EXERCISE DATA:
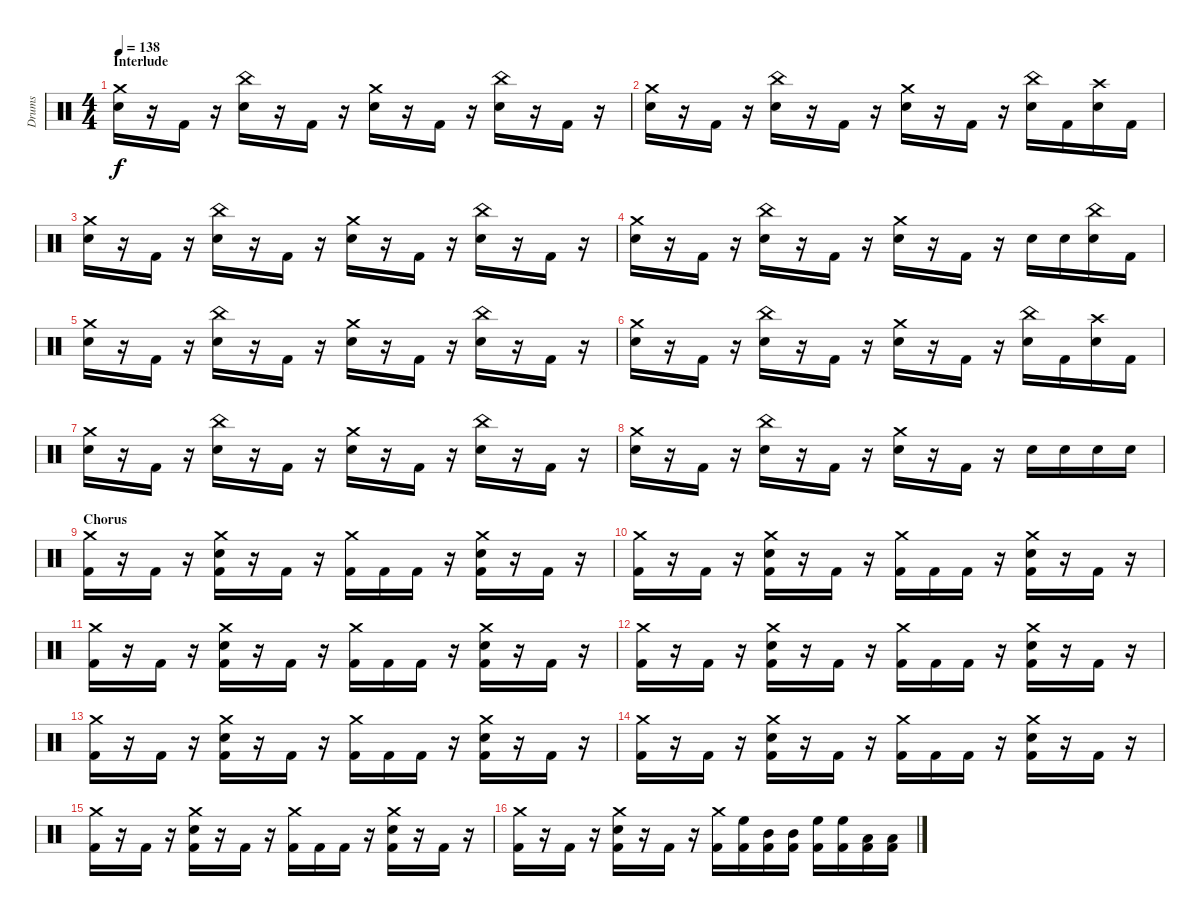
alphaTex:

\track ("Drums" "Drums") {instrument percussion}
\staff {score}
\articulation defaults
\ts (4 4)
\section ("" "Interlude")
\tempo 138
\clef neutral
\ks c
("Crash medium (hit)" "Snare (hit) 2").16{dy f} r.16 "Kick (hit) 2".16 r.16 ("China (hit)" "Snare (hit) 2").16 r.16 "Kick (hit) 2".16 r.16 ("Crash medium (hit)" "Snare (hit) 2").16 r.16 "Kick (hit) 2".16 r.16 ("China (hit)" "Snare (hit) 2").16 r.16 "Kick (hit) 2".16 r.16 |
("Crash medium (hit)" "Snare (hit) 2").16 r.16 "Kick (hit) 2".16 r.16 ("China (hit)" "Snare (hit) 2").16 r.16 "Kick (hit) 2".16 r.16 ("Crash medium (hit)" "Snare (hit) 2").16 r.16 "Kick (hit) 2".16 r.16 ("China (hit)" "Snare (hit) 2").16 "Kick (hit) 2".16 ("Crash high (hit)" "Snare (hit) 2").16 "Kick (hit) 2".16 |
("Crash medium (hit)" "Snare (hit) 2").16 r.16 "Kick (hit) 2".16 r.16 ("China (hit)" "Snare (hit) 2").16 r.16 "Kick (hit) 2".16 r.16 ("Crash medium (hit)" "Snare (hit) 2").16 r.16 "Kick (hit) 2".16 r.16 ("China (hit)" "Snare (hit) 2").16 r.16 "Kick (hit) 2".16 r.16 |
("Crash medium (hit)" "Snare (hit) 2").16 r.16 "Kick (hit) 2".16 r.16 ("China (hit)" "Snare (hit) 2").16 r.16 "Kick (hit) 2".16 r.16 ("Crash medium (hit)" "Snare (hit) 2").16 r.16 "Kick (hit) 2".16 r.16 "Snare (hit) 2".16 "Snare (hit) 2".16 ("China (hit)" "Snare (hit) 2").16 "Kick (hit) 2".16 |
("Crash medium (hit)" "Snare (hit) 2").16 r.16 "Kick (hit) 2".16 r.16 ("China (hit)" "Snare (hit) 2").16 r.16 "Kick (hit) 2".16 r.16 ("Crash medium (hit)" "Snare (hit) 2").16 r.16 "Kick (hit) 2".16 r.16 ("China (hit)" "Snare (hit) 2").16 r.16 "Kick (hit) 2".16 r.16 |
("Crash medium (hit)" "Snare (hit) 2").16 r.16 "Kick (hit) 2".16 r.16 ("China (hit)" "Snare (hit) 2").16 r.16 "Kick (hit) 2".16 r.16 ("Crash medium (hit)" "Snare (hit) 2").16 r.16 "Kick (hit) 2".16 r.16 ("China (hit)" "Snare (hit) 2").16 "Kick (hit) 2".16 ("Crash high (hit)" "Snare (hit) 2").16 "Kick (hit) 2".16 |
("Crash medium (hit)" "Snare (hit) 2").16 r.16 "Kick (hit) 2".16 r.16 ("China (hit)" "Snare (hit) 2").16 r.16 "Kick (hit) 2".16 r.16 ("Crash medium (hit)" "Snare (hit) 2").16 r.16 "Kick (hit) 2".16 r.16 ("China (hit)" "Snare (hit) 2").16 r.16 "Kick (hit) 2".16 r.16 |
("Crash medium (hit)" "Snare (hit) 2").16 r.16 "Kick (hit) 2".16 r.16 ("China (hit)" "Snare (hit) 2").16 r.16 "Kick (hit) 2".16 r.16 ("Crash medium (hit)" "Snare (hit) 2").16 r.16 "Kick (hit) 2".16 r.16 "Snare (hit) 2".16 "Snare (hit) 2".16 "Snare (hit) 2".16 "Snare (hit) 2".16 |
\section ("" "Chorus")
("Crash medium (hit)" "Kick (hit) 2").16 r.16 "Kick (hit) 2".16 r.16 ("Crash medium (hit)" "Snare (hit) 2" "Kick (hit) 2").16 r.16 "Kick (hit) 2".16 r.16 ("Crash medium (hit)" "Kick (hit) 2").16 "Kick (hit) 2".16 "Kick (hit) 2".16 r.16 ("Crash medium (hit)" "Snare (hit) 2" "Kick (hit) 2").16 r.16 "Kick (hit) 2".16 r.16 |
("Crash medium (hit)" "Kick (hit) 2").16 r.16 "Kick (hit) 2".16 r.16 ("Crash medium (hit)" "Snare (hit) 2" "Kick (hit) 2").16 r.16 "Kick (hit) 2".16 r.16 ("Crash medium (hit)" "Kick (hit) 2").16 "Kick (hit) 2".16 "Kick (hit) 2".16 r.16 ("Crash medium (hit)" "Snare (hit) 2" "Kick (hit) 2").16 r.16 "Kick (hit) 2".16 r.16 |
("Crash medium (hit)" "Kick (hit) 2").16 r.16 "Kick (hit) 2".16 r.16 ("Crash medium (hit)" "Snare (hit) 2" "Kick (hit) 2").16 r.16 "Kick (hit) 2".16 r.16 ("Crash medium (hit)" "Kick (hit) 2").16 "Kick (hit) 2".16 "Kick (hit) 2".16 r.16 ("Crash medium (hit)" "Snare (hit) 2" "Kick (hit) 2").16 r.16 "Kick (hit) 2".16 r.16 |
("Crash medium (hit)" "Kick (hit) 2").16 r.16 "Kick (hit) 2".16 r.16 ("Crash medium (hit)" "Snare (hit) 2" "Kick (hit) 2").16 r.16 "Kick (hit) 2".16 r.16 ("Crash medium (hit)" "Kick (hit) 2").16 "Kick (hit) 2".16 "Kick (hit) 2".16 r.16 ("Crash medium (hit)" "Snare (hit) 2" "Kick (hit) 2").16 r.16 "Kick (hit) 2".16 r.16 |
("Crash medium (hit)" "Kick (hit) 2").16 r.16 "Kick (hit) 2".16 r.16 ("Crash medium (hit)" "Snare (hit) 2" "Kick (hit) 2").16 r.16 "Kick (hit) 2".16 r.16 ("Crash medium (hit)" "Kick (hit) 2").16 "Kick (hit) 2".16 "Kick (hit) 2".16 r.16 ("Crash medium (hit)" "Snare (hit) 2" "Kick (hit) 2").16 r.16 "Kick (hit) 2".16 r.16 |
("Crash medium (hit)" "Kick (hit) 2").16 r.16 "Kick (hit) 2".16 r.16 ("Crash medium (hit)" "Snare (hit) 2" "Kick (hit) 2").16 r.16 "Kick (hit) 2".16 r.16 ("Crash medium (hit)" "Kick (hit) 2").16 "Kick (hit) 2".16 "Kick (hit) 2".16 r.16 ("Crash medium (hit)" "Snare (hit) 2" "Kick (hit) 2").16 r.16 "Kick (hit) 2".16 r.16 |
("Crash medium (hit)" "Kick (hit) 2").16 r.16 "Kick (hit) 2".16 r.16 ("Crash medium (hit)" "Snare (hit) 2" "Kick (hit) 2").16 r.16 "Kick (hit) 2".16 r.16 ("Crash medium (hit)" "Kick (hit) 2").16 "Kick (hit) 2".16 "Kick (hit) 2".16 r.16 ("Crash medium (hit)" "Snare (hit) 2" "Kick (hit) 2").16 r.16 "Kick (hit) 2".16 r.16 |
("Crash medium (hit)" "Kick (hit) 2").16 r.16 "Kick (hit) 2".16 r.16 ("Crash medium (hit)" "Snare (hit) 2" "Kick (hit) 2").16 r.16 "Kick (hit) 2".16 r.16 ("Crash medium (hit)" "Kick (hit) 2").16 ("High Floor Tom (hit)" "Kick (hit) 2").16 ("Mid Tom (hit)" "Kick (hit) 2").16 ("Mid Tom (hit)" "Kick (hit) 2").16 ("High Floor Tom (hit)" "Kick (hit) 2").16 ("High Floor Tom (hit)" "Kick (hit) 2").16 ("Low Tom (hit)" "Kick (hit) 2").16 ("Low Tom (hit)" "Kick (hit) 2").16

PROBLEM DETAILS: After removing the pictures, transcribe the listing above exactly.

ANSWER BOX:
alphaTex:

\track ("Drums" "Drums") {instrument percussion}
\staff {score}
\articulation defaults
\ts (4 4)
\section ("" "Interlude")
\tempo 138
\clef neutral
\ks c
("Crash medium (hit)" "Snare (hit) 2").16{dy f} r.16 "Kick (hit) 2".16 r.16 ("China (hit)" "Snare (hit) 2").16 r.16 "Kick (hit) 2".16 r.16 ("Crash medium (hit)" "Snare (hit) 2").16 r.16 "Kick (hit) 2".16 r.16 ("China (hit)" "Snare (hit) 2").16 r.16 "Kick (hit) 2".16 r.16 |
("Crash medium (hit)" "Snare (hit) 2").16 r.16 "Kick (hit) 2".16 r.16 ("China (hit)" "Snare (hit) 2").16 r.16 "Kick (hit) 2".16 r.16 ("Crash medium (hit)" "Snare (hit) 2").16 r.16 "Kick (hit) 2".16 r.16 ("China (hit)" "Snare (hit) 2").16 "Kick (hit) 2".16 ("Crash high (hit)" "Snare (hit) 2").16 "Kick (hit) 2".16 |
("Crash medium (hit)" "Snare (hit) 2").16 r.16 "Kick (hit) 2".16 r.16 ("China (hit)" "Snare (hit) 2").16 r.16 "Kick (hit) 2".16 r.16 ("Crash medium (hit)" "Snare (hit) 2").16 r.16 "Kick (hit) 2".16 r.16 ("China (hit)" "Snare (hit) 2").16 r.16 "Kick (hit) 2".16 r.16 |
("Crash medium (hit)" "Snare (hit) 2").16 r.16 "Kick (hit) 2".16 r.16 ("China (hit)" "Snare (hit) 2").16 r.16 "Kick (hit) 2".16 r.16 ("Crash medium (hit)" "Snare (hit) 2").16 r.16 "Kick (hit) 2".16 r.16 "Snare (hit) 2".16 "Snare (hit) 2".16 ("China (hit)" "Snare (hit) 2").16 "Kick (hit) 2".16 |
("Crash medium (hit)" "Snare (hit) 2").16 r.16 "Kick (hit) 2".16 r.16 ("China (hit)" "Snare (hit) 2").16 r.16 "Kick (hit) 2".16 r.16 ("Crash medium (hit)" "Snare (hit) 2").16 r.16 "Kick (hit) 2".16 r.16 ("China (hit)" "Snare (hit) 2").16 r.16 "Kick (hit) 2".16 r.16 |
("Crash medium (hit)" "Snare (hit) 2").16 r.16 "Kick (hit) 2".16 r.16 ("China (hit)" "Snare (hit) 2").16 r.16 "Kick (hit) 2".16 r.16 ("Crash medium (hit)" "Snare (hit) 2").16 r.16 "Kick (hit) 2".16 r.16 ("China (hit)" "Snare (hit) 2").16 "Kick (hit) 2".16 ("Crash high (hit)" "Snare (hit) 2").16 "Kick (hit) 2".16 |
("Crash medium (hit)" "Snare (hit) 2").16 r.16 "Kick (hit) 2".16 r.16 ("China (hit)" "Snare (hit) 2").16 r.16 "Kick (hit) 2".16 r.16 ("Crash medium (hit)" "Snare (hit) 2").16 r.16 "Kick (hit) 2".16 r.16 ("China (hit)" "Snare (hit) 2").16 r.16 "Kick (hit) 2".16 r.16 |
("Crash medium (hit)" "Snare (hit) 2").16 r.16 "Kick (hit) 2".16 r.16 ("China (hit)" "Snare (hit) 2").16 r.16 "Kick (hit) 2".16 r.16 ("Crash medium (hit)" "Snare (hit) 2").16 r.16 "Kick (hit) 2".16 r.16 "Snare (hit) 2".16 "Snare (hit) 2".16 "Snare (hit) 2".16 "Snare (hit) 2".16 |
\section ("" "Chorus")
("Crash medium (hit)" "Kick (hit) 2").16 r.16 "Kick (hit) 2".16 r.16 ("Crash medium (hit)" "Snare (hit) 2" "Kick (hit) 2").16 r.16 "Kick (hit) 2".16 r.16 ("Crash medium (hit)" "Kick (hit) 2").16 "Kick (hit) 2".16 "Kick (hit) 2".16 r.16 ("Crash medium (hit)" "Snare (hit) 2" "Kick (hit) 2").16 r.16 "Kick (hit) 2".16 r.16 |
("Crash medium (hit)" "Kick (hit) 2").16 r.16 "Kick (hit) 2".16 r.16 ("Crash medium (hit)" "Snare (hit) 2" "Kick (hit) 2").16 r.16 "Kick (hit) 2".16 r.16 ("Crash medium (hit)" "Kick (hit) 2").16 "Kick (hit) 2".16 "Kick (hit) 2".16 r.16 ("Crash medium (hit)" "Snare (hit) 2" "Kick (hit) 2").16 r.16 "Kick (hit) 2".16 r.16 |
("Crash medium (hit)" "Kick (hit) 2").16 r.16 "Kick (hit) 2".16 r.16 ("Crash medium (hit)" "Snare (hit) 2" "Kick (hit) 2").16 r.16 "Kick (hit) 2".16 r.16 ("Crash medium (hit)" "Kick (hit) 2").16 "Kick (hit) 2".16 "Kick (hit) 2".16 r.16 ("Crash medium (hit)" "Snare (hit) 2" "Kick (hit) 2").16 r.16 "Kick (hit) 2".16 r.16 |
("Crash medium (hit)" "Kick (hit) 2").16 r.16 "Kick (hit) 2".16 r.16 ("Crash medium (hit)" "Snare (hit) 2" "Kick (hit) 2").16 r.16 "Kick (hit) 2".16 r.16 ("Crash medium (hit)" "Kick (hit) 2").16 "Kick (hit) 2".16 "Kick (hit) 2".16 r.16 ("Crash medium (hit)" "Snare (hit) 2" "Kick (hit) 2").16 r.16 "Kick (hit) 2".16 r.16 |
("Crash medium (hit)" "Kick (hit) 2").16 r.16 "Kick (hit) 2".16 r.16 ("Crash medium (hit)" "Snare (hit) 2" "Kick (hit) 2").16 r.16 "Kick (hit) 2".16 r.16 ("Crash medium (hit)" "Kick (hit) 2").16 "Kick (hit) 2".16 "Kick (hit) 2".16 r.16 ("Crash medium (hit)" "Snare (hit) 2" "Kick (hit) 2").16 r.16 "Kick (hit) 2".16 r.16 |
("Crash medium (hit)" "Kick (hit) 2").16 r.16 "Kick (hit) 2".16 r.16 ("Crash medium (hit)" "Snare (hit) 2" "Kick (hit) 2").16 r.16 "Kick (hit) 2".16 r.16 ("Crash medium (hit)" "Kick (hit) 2").16 "Kick (hit) 2".16 "Kick (hit) 2".16 r.16 ("Crash medium (hit)" "Snare (hit) 2" "Kick (hit) 2").16 r.16 "Kick (hit) 2".16 r.16 |
("Crash medium (hit)" "Kick (hit) 2").16 r.16 "Kick (hit) 2".16 r.16 ("Crash medium (hit)" "Snare (hit) 2" "Kick (hit) 2").16 r.16 "Kick (hit) 2".16 r.16 ("Crash medium (hit)" "Kick (hit) 2").16 "Kick (hit) 2".16 "Kick (hit) 2".16 r.16 ("Crash medium (hit)" "Snare (hit) 2" "Kick (hit) 2").16 r.16 "Kick (hit) 2".16 r.16 |
("Crash medium (hit)" "Kick (hit) 2").16 r.16 "Kick (hit) 2".16 r.16 ("Crash medium (hit)" "Snare (hit) 2" "Kick (hit) 2").16 r.16 "Kick (hit) 2".16 r.16 ("Crash medium (hit)" "Kick (hit) 2").16 ("High Floor Tom (hit)" "Kick (hit) 2").16 ("Mid Tom (hit)" "Kick (hit) 2").16 ("Mid Tom (hit)" "Kick (hit) 2").16 ("High Floor Tom (hit)" "Kick (hit) 2").16 ("High Floor Tom (hit)" "Kick (hit) 2").16 ("Low Tom (hit)" "Kick (hit) 2").16 ("Low Tom (hit)" "Kick (hit) 2").16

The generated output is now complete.